Istar se mordió el labio – cuando llegue a Alea, lo hice como una esclava dispuesta a lo que fuera, ya no tenía mucho que perder o al menos eso creía, Reinald me encontró, me amenazo y me engaño; logro convencerme de que merecías morir

– entonces ¿Por qué no lo hiciste?

– porque me di cuenta de todo era una mentira, me cautivaste casi desde el primer momento

– me salvaste

– aun no... tengo que regresar a Cali

– ¿Qué? ¿Por qué? – preguntaba exaltado

Istar sabía que había llegado la hora de las explicaciones – prometí ir con Hakim si venía a salvarte la vida

– ¿Qué?

– fue la única opción que tenía, yo...

– entonces lo que le dijiste a Reinald era...

– cierto... yo no podía correr con el riesgo de que Reinald quedara con vida, si algo me sucedía, entonces Hakim aseguraría tu vida

– le diste muchas vueltas a las cosas ¿No?

– lo planee para que no fallara

– pues suena como a un plan muy egoísta

– por asegurar tu existencia yo soy capaz de lo que sea

– entonces ¿Por qué desapareciste todo este tiempo?

– porque Reinald iba a tratar de asesinarme

– si me lo hubieras dicho

– no Kail... si yo te decía lo que ocurría, solo te iba a acarrear más y más problemas, Reinald seguramente te expondría ante un tribunal y aseguraría el trono para sí mimo, además... tenía que estar segura de que tu podrías sobrevivir por tu cuenta

– ¡Tú... tú no decidas por mí! – Kail estaba molesto – ¿Por qué lo hiciste?
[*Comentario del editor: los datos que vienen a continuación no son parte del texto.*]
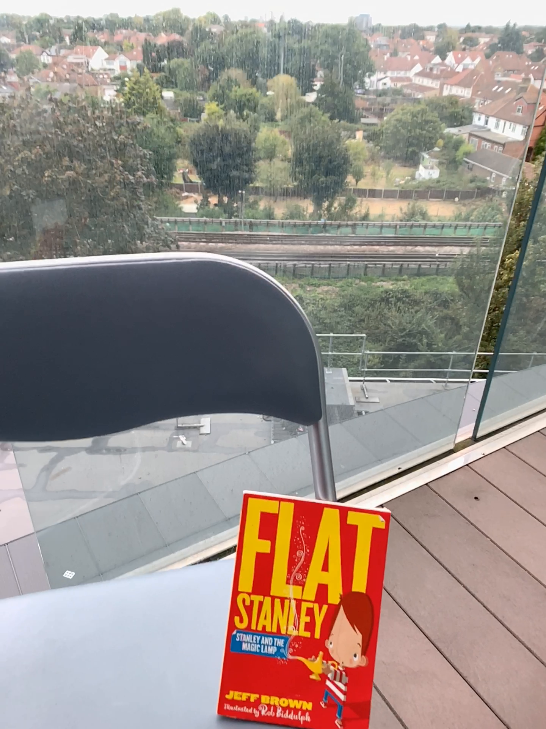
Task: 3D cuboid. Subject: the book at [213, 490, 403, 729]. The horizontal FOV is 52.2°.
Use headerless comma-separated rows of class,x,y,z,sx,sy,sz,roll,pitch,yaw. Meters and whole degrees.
book,0.030,0.214,0.477,0.140,0.190,0.020,6,-4,8

– Porque te amo – las lágrimas comenzaron a rodar por su rostro

– ¿Y consideraste mi vida sin ti?

Istar temblaba, él usaba ese horrible tono que tenía para expresar su enfado – entiende que estas vivo y esa es la única razón que necesito para hacer lo que sea

– ¿Cómo me pides que viva? si la única razón, la única mujer a la que amo va a estar en los brazos de otro, lo besara, amanecerá todos los días junto a él y por las noches...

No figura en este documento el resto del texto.